Month 5 Week 3: GPU Migration and Real-Time Performance Optimization
November 16, 2025
Month 5 Week 3: GPU Migration and Real-Time Performance Optimization
The core challenge this week was performance at scale. We had Whisper running on the CPU-based Kubernetes cluster, and it was becoming a bottleneck. Real-time conversation requires every component to be fast—from capturing audio to generating the first token. This week was about moving pieces to GPU and making architectural changes to support real-time metrics.
The Whisper CPU Problem
Whisper running on CPU was viable for prototyping, but not for production real-time communication. The latency was noticeable—users would speak, and there'd be a delay waiting for transcription. When you're trying to maintain natural conversation flow, every millisecond matters. The CPU cluster was saturating under even moderate loads.

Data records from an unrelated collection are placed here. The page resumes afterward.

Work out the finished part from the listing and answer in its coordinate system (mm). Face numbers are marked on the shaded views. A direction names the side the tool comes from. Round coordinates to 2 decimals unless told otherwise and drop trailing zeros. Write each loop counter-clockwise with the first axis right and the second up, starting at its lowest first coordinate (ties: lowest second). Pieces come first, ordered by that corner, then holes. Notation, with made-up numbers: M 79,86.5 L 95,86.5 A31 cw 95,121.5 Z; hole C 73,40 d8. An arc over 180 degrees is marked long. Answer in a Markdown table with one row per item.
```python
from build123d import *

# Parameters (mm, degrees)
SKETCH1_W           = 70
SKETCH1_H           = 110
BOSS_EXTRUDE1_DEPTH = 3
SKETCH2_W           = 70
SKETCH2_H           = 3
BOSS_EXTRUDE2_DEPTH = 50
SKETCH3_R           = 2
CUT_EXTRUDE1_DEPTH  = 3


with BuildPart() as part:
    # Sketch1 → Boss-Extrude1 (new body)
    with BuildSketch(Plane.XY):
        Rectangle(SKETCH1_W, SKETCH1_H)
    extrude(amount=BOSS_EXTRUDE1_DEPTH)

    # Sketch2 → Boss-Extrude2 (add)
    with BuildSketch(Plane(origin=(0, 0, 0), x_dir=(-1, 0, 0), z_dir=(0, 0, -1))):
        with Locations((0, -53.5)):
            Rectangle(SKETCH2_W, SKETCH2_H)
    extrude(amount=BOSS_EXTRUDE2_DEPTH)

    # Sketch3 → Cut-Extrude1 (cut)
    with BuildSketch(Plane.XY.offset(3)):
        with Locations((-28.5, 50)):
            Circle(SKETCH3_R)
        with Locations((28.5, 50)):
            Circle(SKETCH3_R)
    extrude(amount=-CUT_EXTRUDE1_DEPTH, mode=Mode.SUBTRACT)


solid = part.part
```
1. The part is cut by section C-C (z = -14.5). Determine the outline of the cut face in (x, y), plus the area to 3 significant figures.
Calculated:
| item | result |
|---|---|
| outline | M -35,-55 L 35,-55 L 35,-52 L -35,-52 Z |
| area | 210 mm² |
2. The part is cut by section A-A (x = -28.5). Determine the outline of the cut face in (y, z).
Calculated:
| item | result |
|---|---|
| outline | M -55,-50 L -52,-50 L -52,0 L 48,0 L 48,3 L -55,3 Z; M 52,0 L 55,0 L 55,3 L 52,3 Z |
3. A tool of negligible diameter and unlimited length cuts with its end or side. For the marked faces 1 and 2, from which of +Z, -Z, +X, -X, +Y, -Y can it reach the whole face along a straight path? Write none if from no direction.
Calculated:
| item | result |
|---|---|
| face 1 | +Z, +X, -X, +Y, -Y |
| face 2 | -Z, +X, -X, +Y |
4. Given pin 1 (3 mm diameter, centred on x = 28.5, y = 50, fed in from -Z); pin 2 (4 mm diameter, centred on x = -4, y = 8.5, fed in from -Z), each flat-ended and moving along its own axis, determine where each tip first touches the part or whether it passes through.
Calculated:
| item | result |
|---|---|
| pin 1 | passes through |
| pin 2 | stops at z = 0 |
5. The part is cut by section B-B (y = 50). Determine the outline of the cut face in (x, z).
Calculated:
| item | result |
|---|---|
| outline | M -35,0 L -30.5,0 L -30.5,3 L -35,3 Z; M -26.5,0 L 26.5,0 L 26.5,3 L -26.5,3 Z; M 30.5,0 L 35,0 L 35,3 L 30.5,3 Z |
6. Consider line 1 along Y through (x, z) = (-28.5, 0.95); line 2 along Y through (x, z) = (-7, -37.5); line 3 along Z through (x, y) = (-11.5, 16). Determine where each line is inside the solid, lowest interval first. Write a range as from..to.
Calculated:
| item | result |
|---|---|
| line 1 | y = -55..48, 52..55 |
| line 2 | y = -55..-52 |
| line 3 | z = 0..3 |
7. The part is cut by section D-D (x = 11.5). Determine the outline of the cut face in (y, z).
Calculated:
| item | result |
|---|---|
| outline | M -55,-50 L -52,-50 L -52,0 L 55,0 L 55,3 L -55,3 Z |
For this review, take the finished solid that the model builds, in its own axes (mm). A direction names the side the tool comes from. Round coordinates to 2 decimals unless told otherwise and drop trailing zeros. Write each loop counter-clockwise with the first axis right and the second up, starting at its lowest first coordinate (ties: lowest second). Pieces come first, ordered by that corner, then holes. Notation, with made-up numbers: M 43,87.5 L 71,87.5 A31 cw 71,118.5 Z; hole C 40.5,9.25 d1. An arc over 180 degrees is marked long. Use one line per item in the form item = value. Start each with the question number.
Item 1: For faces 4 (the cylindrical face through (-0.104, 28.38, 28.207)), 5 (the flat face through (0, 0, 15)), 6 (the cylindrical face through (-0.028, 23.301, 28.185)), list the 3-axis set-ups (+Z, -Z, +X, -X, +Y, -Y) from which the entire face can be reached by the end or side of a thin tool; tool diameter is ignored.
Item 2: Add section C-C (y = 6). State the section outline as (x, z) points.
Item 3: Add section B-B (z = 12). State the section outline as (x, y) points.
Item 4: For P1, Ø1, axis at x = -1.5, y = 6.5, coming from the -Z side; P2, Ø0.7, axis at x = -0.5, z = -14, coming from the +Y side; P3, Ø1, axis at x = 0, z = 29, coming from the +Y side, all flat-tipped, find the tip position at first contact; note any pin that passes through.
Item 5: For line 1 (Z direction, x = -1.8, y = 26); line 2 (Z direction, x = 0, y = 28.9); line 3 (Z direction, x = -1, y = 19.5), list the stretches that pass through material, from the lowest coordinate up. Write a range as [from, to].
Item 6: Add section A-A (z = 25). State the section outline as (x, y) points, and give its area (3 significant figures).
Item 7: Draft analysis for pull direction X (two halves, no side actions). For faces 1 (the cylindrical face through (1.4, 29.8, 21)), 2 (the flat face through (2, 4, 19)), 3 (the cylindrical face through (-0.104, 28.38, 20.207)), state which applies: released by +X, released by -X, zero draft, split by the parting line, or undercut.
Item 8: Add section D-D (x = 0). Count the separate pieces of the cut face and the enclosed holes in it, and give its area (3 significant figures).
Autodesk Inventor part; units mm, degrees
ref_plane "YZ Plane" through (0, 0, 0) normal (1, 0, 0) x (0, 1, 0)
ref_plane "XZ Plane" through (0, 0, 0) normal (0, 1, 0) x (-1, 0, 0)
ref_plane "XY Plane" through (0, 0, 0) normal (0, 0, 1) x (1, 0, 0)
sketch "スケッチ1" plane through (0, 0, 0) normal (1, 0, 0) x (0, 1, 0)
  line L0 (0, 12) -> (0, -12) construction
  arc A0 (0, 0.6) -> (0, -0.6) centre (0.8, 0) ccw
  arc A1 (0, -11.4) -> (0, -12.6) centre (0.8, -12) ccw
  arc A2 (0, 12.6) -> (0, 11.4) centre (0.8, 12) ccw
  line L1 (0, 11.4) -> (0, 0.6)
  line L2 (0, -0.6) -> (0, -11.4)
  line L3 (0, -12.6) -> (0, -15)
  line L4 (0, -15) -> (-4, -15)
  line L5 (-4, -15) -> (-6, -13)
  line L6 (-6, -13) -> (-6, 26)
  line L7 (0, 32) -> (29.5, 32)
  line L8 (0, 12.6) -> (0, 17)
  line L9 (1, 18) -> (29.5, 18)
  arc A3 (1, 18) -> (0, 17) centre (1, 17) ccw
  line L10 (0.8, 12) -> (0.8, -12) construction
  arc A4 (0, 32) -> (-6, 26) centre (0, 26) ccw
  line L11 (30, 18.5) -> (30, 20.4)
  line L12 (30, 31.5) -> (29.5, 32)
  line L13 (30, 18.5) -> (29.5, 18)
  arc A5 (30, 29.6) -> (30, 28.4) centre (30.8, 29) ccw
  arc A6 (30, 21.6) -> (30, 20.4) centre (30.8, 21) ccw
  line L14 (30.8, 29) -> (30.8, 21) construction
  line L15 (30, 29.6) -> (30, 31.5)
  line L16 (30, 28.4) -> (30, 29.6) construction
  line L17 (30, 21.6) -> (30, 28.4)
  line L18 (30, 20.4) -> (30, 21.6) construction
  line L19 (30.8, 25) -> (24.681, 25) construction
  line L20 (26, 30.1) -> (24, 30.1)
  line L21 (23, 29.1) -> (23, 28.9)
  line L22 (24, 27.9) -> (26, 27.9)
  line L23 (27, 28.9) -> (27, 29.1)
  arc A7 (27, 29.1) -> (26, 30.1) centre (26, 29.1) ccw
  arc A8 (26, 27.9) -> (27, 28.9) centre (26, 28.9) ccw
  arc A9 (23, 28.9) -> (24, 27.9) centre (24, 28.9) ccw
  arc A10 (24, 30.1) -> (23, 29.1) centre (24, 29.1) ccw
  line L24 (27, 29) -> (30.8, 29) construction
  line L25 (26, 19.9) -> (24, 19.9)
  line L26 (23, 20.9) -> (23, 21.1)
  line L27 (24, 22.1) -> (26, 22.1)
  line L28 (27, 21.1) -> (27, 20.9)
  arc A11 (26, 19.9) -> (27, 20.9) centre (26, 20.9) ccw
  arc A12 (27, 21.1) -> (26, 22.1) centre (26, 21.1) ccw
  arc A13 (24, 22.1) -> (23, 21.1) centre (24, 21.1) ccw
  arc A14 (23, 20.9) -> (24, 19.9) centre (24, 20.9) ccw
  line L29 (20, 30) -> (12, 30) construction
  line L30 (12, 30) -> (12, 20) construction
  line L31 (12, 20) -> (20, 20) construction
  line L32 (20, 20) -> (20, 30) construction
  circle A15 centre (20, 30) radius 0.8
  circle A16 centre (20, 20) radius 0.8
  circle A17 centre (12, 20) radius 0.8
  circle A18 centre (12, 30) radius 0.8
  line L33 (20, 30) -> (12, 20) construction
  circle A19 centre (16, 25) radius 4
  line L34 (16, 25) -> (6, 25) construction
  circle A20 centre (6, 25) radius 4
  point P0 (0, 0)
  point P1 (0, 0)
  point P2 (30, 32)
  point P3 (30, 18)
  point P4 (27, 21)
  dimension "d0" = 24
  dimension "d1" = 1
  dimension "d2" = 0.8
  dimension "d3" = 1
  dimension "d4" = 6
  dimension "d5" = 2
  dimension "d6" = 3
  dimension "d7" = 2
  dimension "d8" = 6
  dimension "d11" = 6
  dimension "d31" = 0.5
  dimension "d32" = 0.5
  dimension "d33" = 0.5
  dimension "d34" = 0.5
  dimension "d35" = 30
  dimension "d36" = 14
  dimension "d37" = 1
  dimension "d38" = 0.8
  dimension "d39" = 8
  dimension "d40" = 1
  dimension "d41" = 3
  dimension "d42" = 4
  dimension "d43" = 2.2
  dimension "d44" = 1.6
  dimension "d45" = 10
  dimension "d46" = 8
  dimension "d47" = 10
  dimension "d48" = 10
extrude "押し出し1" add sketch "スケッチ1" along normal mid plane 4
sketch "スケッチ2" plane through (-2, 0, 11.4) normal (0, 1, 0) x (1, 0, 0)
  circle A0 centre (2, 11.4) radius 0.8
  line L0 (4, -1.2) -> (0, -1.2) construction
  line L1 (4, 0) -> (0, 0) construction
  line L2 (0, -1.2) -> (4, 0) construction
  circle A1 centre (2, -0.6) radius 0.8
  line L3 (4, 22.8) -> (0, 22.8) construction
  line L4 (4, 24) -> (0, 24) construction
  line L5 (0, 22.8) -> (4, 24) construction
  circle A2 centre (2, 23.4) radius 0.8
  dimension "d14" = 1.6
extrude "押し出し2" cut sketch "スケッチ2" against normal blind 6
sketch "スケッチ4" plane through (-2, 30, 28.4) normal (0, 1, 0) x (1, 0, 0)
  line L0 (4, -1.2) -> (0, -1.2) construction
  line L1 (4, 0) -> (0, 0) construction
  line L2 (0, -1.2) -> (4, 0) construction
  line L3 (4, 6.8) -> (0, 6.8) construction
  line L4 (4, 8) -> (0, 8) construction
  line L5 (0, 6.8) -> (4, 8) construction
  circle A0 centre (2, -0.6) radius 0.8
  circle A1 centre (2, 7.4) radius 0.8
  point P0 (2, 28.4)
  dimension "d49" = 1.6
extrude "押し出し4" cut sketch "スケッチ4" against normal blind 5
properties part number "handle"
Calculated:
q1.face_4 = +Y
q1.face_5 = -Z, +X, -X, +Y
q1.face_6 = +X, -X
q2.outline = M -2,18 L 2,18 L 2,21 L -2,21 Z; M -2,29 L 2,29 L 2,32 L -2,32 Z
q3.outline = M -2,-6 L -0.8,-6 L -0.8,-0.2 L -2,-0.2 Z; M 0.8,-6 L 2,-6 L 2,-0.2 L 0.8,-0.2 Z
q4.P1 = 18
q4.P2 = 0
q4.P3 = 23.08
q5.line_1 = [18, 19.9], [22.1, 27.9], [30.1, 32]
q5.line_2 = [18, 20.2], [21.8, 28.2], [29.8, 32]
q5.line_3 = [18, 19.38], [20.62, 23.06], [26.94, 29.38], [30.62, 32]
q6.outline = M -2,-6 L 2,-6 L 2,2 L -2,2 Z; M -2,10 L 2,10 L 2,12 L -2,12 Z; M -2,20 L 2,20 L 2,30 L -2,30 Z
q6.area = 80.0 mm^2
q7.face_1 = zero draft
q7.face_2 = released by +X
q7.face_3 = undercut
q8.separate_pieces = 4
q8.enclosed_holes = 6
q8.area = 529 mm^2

Migrating to GPU Kubernetes Cluster
Moving Whisper to the GPU cluster was the first move. This alone gave us significant speedups—Whisper is optimized for GPU execution, and the difference was immediate. Transcription that took seconds on CPU now took fractions of a second on GPU. But this wasn't just a plug-and-play migration. It involved:
- Reworking the pipeline to route audio through the GPU cluster
- Managing resource allocation so Whisper had the compute it needed
- Handling the orchestration between the Stasis application and the GPU cluster
Dual GPU Architecture for Parallel Processing
One GPU running both Whisper and LLM inference created contention. Both models compete for memory and compute, and you hit saturation quickly. The solution was adding a second GPU and splitting the workload:
- GPU 1: Whisper (speech-to-text) - isolated and optimized for audio processing
- GPU 2: LLM inference - handling the conversational response generation
This architectural split was crucial. Instead of one bottleneck, we now have parallel processing. Audio comes in, Whisper transcribes it on GPU 1, the LLM generates a response on GPU 2, and we feed it back to the user. No waiting for one model to finish before the other starts.

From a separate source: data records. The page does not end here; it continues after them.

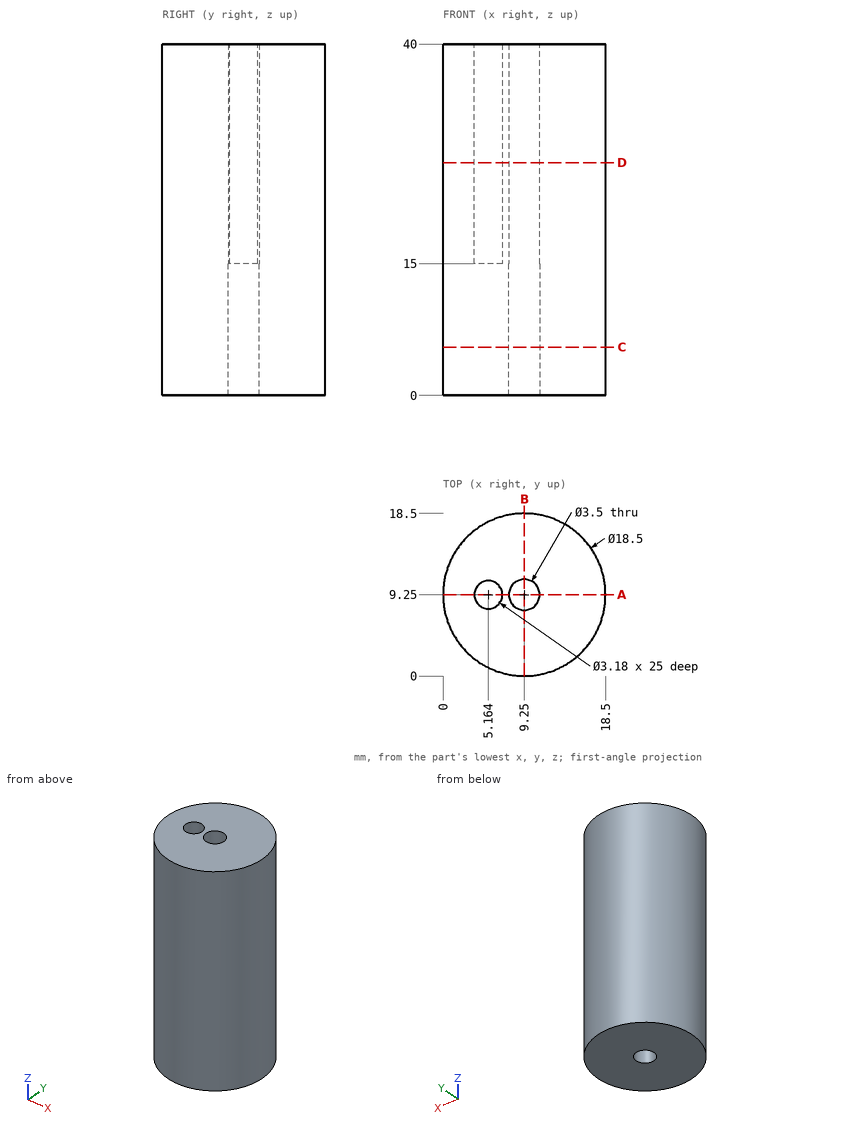
Geometry: see drawing. Coordinates: mm, zero at the bounding-box minimum. Coordinates: 2 decimals unless noted, no trailing zeros. Write each loop counter-clockwise with the first axis right and the second up, starting at its lowest first coordinate (ties: lowest second). Pieces come first, ordered by that corner, then holes.
1) Pin query (flat end, axial travel): pin 1 Ø1 at (x, z) = (9, 26.5) entering from +Y; pin 2 Ø1 at (x, z) = (11.5, 29.5) entering from -Y; pin 3 Ø6 at (x, z) = (3.5, 30) entering from +Y; pin 4 Ø4 at (y, z) = (3, 22) entering from +X (1 decimal). Return the tip coordinate at first contact, or that it passes through.
2) Section B-B on x = 9.25. Output: boundary loops of the cut face in (y, z).
3) Section D-D on z = 26.5. State how many separate pieces and enclosed holes the cut face has, and give its area (3 significant figures).
4) Section A-A on y = 9.25. Output: boundary loops of the cut face in (x, z) (1 decimal).
5) Section C-C on z = 5.5. Output: boundary loops of the cut face in (x, y).
6) Material intervals for line 1 along Y through (x, z) = (9.25, 6.25); line 2 along X through (y, z) = (10.25, 30) (1 decimal); line 3 along Y through (x, z) = (10.25, 13.5) (1 decimal), sorted ascending.
Check result:
1. pin 1: stops at y = 18.5
1. pin 2: stops at y = 0.17
1. pin 3: stops at y = 18.08
1. pin 4: stops at x = 17.5
2. outline: (0, 0) - (7.5, 0) - (7.5, 40) - (0, 40) - close; (11, 0) - (18.5, 0) - (18.5, 40) - (11, 40) - close
3. separate pieces: 1
3. enclosed holes: 2
3. area: 251 mm2
4. outline: (0, 0) - (7.5, 0) - (7.5, 40) - (6.8, 40) - (6.8, 15) - (3.6, 15) - (3.6, 40) - (0, 40) - close; (11, 0) - (18.5, 0) - (18.5, 40) - (11, 40) - close
5. outline: circle Ø18.5 at (9.25, 9.25); hole circle Ø3.5 at (9.25, 9.25)
6. line 1: y = 0 to 7.5, 11 to 18.5
6. line 2: x = 0.1 to 3.9, 6.4 to 7.8, 10.7 to 18.4
6. line 3: y = 0.1 to 7.8, 10.7 to 18.4

Time-to-First-Response: The Real Metric
What matters in real-time communication is time-to-first-response—how fast do we produce the first token of output after the user finishes speaking? This is what feels natural. With the dual-GPU setup:
- Whisper completes transcription in under 500ms for typical audio chunks
- LLM starts generating the first response token within 100-200ms of receiving the transcription
- The full pipeline from audio capture to voice output is approaching real-time viability
Sentence-Level Formation Complexity
Sentence formation at the LLM level became clearer this week. The model needs to understand when to emit a sentence—too early and you interrupt the thought, too late and the user feels lag. We're working with:
- Streaming token output rather than waiting for full responses
- Using punctuation and semantic markers to identify sentence boundaries
- Balancing between rapid feedback and coherent output
The dual-GPU setup helps here too. While Whisper is processing the next chunk of audio, the LLM can continue streaming its response. There's temporal overlap in processing that we couldn't achieve before.
What's Next
Real-time end-to-end communication is within reach. The next focus is optimizing the sentence formation logic further and ensuring the VAD (Voice Activity Detection) integration works seamlessly with the new GPU pipeline.